[EM] Simulating multiwinner goodness

Kristofer Munsterhjelm km-elmet at broadpark.no
Thu Mar 11 13:27:36 PST 2010

Brian Olson wrote:
> There was a question on the list a while ago, and skimming to catch
> up I didn't see a resolution, about what the right way to measure
> multiwinner result goodness is.


> This is sounding a bit like an election method definition, and I
> expect that this definition of 'what is a good result' does pretty
> much imply a method of election. At worst, given ratings ballots that
> we can treat as the simulator preferences, for not too large a set of
> winning sets of candidates, get a fast computer and run all the
> combinatoric possibilities and elect the set with the highest
> measured sum happiness.

The details of proportional representation isn't well known. 
Proportional representation itself appears to involve a tradeoff between 
accuracy - proportionality of what counts - and quality - how highly the 
individual voters rank a given candidate.

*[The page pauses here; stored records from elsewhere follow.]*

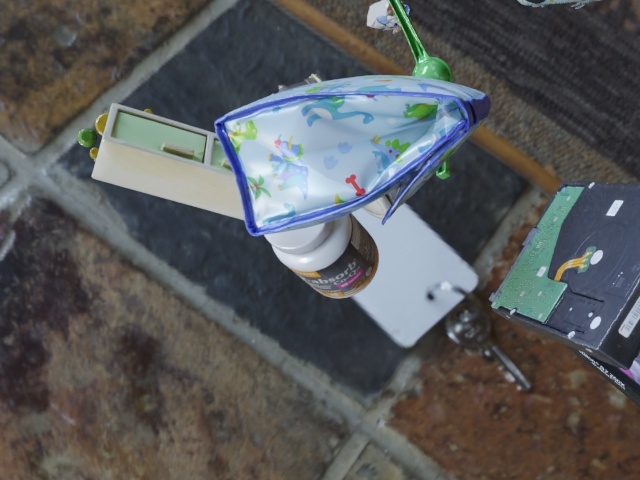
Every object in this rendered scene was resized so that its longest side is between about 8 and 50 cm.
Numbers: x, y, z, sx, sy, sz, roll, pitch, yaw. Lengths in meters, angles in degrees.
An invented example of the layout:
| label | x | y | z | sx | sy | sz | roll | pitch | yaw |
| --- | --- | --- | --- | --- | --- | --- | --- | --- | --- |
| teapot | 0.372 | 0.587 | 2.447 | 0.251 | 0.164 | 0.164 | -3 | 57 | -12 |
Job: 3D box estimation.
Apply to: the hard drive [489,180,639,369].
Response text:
| label | x | y | z | sx | sy | sz | roll | pitch | yaw |
| --- | --- | --- | --- | --- | --- | --- | --- | --- | --- |
| hard drive | 0.374 | 0.033 | 1.200 | 0.064 | 0.339 | 0.236 | 33 | 87 | -14 |

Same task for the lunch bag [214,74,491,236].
| label | x | y | z | sx | sy | sz | roll | pitch | yaw |
| --- | --- | --- | --- | --- | --- | --- | --- | --- | --- |
| lunch bag | 0.031 | -0.064 | 0.562 | 0.151 | 0.129 | 0.096 | -17 | 98 | 19 |

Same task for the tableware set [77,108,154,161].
| label | x | y | z | sx | sy | sz | roll | pitch | yaw |
| --- | --- | --- | --- | --- | --- | --- | --- | --- | --- |
| tableware set | -0.390 | -0.207 | 1.709 | 0.154 | 0.024 | 0.104 | -32 | 89 | -11 |

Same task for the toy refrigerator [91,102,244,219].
| label | x | y | z | sx | sy | sz | roll | pitch | yaw |
| --- | --- | --- | --- | --- | --- | --- | --- | --- | --- |
| toy refrigerator | -0.222 | -0.129 | 1.424 | 0.270 | 0.094 | 0.102 | 16 | 41 | -15 |

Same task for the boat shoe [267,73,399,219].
| label | x | y | z | sx | sy | sz | roll | pitch | yaw |
| --- | --- | --- | --- | --- | --- | --- | --- | --- | --- |
| boat shoe | 0.030 | -0.137 | 1.173 | 0.097 | 0.116 | 0.324 | -36 | 39 | -6 |

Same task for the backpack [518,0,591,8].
| label | x | y | z | sx | sy | sz | roll | pitch | yaw |
| --- | --- | --- | --- | --- | --- | --- | --- | --- | --- |
| backpack | 0.345 | -0.396 | 1.163 | 0.189 | 0.144 | 0.165 | -8 | 88 | -16 |

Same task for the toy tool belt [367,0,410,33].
| label | x | y | z | sx | sy | sz | roll | pitch | yaw |
| --- | --- | --- | --- | --- | --- | --- | --- | --- | --- |
| toy tool belt | 0.109 | -0.331 | 1.283 | 0.051 | 0.083 | 0.052 | 15 | 84 | -30 |

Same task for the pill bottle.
| label | x | y | z | sx | sy | sz | roll | pitch | yaw |
| --- | --- | --- | --- | --- | --- | --- | --- | --- | --- |
| pill bottle | 0.000 | 0.000 | 1.665 | 0.162 | 0.278 | 0.162 | -7 | 68 | 19 |

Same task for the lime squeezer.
| label | x | y | z | sx | sy | sz | roll | pitch | yaw |
| --- | --- | --- | --- | --- | --- | --- | --- | --- | --- |
| lime squeezer | 0.146 | -0.206 | 1.200 | 0.110 | 0.059 | 0.310 | 9 | 59 | -40 |

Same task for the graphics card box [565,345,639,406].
| label | x | y | z | sx | sy | sz | roll | pitch | yaw |
| --- | --- | --- | --- | --- | --- | --- | --- | --- | --- |
| graphics card box | 0.593 | 0.151 | 1.681 | 0.233 | 0.094 | 0.371 | -36 | 53 | -13 |

There is something similar for single-winner methods: the question of 
how much to value what few rank very highly in comparison to what some 
rank in the middle; but for single-winner methods, we at least have 
concepts like the "median voter" and desirable-sounding criteria like 
clone independence and the Condorcet criterion.

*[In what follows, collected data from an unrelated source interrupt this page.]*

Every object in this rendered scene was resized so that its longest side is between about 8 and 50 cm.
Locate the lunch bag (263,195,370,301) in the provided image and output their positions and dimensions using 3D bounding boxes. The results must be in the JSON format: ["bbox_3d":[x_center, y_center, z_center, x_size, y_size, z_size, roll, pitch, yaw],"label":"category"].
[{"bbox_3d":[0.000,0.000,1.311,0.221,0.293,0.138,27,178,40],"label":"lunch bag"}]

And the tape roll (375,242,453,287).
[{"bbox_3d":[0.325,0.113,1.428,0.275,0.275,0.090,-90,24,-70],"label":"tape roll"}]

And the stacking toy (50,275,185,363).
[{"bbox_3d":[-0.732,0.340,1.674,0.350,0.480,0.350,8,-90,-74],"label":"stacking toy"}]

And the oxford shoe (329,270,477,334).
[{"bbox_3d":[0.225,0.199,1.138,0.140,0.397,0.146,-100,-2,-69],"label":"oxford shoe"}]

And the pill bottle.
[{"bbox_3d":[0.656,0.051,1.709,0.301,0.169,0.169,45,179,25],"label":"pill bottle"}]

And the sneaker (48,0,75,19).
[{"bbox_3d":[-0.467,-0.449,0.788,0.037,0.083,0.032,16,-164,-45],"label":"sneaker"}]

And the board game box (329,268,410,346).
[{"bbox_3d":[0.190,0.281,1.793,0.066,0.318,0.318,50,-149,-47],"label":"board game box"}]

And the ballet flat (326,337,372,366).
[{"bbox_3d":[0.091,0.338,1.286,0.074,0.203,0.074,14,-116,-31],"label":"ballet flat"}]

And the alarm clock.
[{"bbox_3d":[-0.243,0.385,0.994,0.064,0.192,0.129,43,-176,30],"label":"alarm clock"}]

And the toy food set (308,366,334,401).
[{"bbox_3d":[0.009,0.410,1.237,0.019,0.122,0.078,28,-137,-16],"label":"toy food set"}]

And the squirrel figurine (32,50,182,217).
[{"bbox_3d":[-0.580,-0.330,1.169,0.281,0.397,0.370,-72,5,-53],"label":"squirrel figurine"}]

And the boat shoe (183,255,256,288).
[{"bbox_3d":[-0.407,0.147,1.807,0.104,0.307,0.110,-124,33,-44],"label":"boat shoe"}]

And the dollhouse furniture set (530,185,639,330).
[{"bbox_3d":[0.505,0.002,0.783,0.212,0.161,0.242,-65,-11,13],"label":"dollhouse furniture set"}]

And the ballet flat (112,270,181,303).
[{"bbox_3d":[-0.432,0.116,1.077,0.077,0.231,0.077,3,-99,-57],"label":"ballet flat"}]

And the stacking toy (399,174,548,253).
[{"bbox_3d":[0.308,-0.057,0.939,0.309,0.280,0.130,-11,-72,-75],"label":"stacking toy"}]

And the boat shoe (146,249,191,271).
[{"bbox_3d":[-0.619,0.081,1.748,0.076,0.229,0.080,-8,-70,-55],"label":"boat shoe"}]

What I'm trying to say is that before we can optimize, we must know what 
it is we're going to optimize -- or proceed in a vague direction using 
feedback (as is part of my reason for experimenting with multiwinner 
methods). What would be analogous to the median voter concept for 
multiwinner elections - accurate reproduction of opinion space? 
According to what measure? And so on...

> Another thing we could measure in multiwinner elections (and possibly
> single winner) is the Gini inequality measure. If we have a result
> with both pretty high average happiness and low inequality, that's a
> good result.

The proportionality scoring part of my election methods program works 
somewhat like this, according to a very simple model. Every candidate 
and voter has a binary n-vector of ayes/nays (representing binary 
opinions). Voters prefer candidates closer to them (Hamming distance 
wise). Then the proportion of each bit being a "yes" can be measured 
both for the elected council and for the people in general, and the 
closer the better.

I use either root mean squared error or the Sainte-Lague index for 
measuring error, though my program can also use the Gini (or the 
Loosemore-Hamby index for that matter).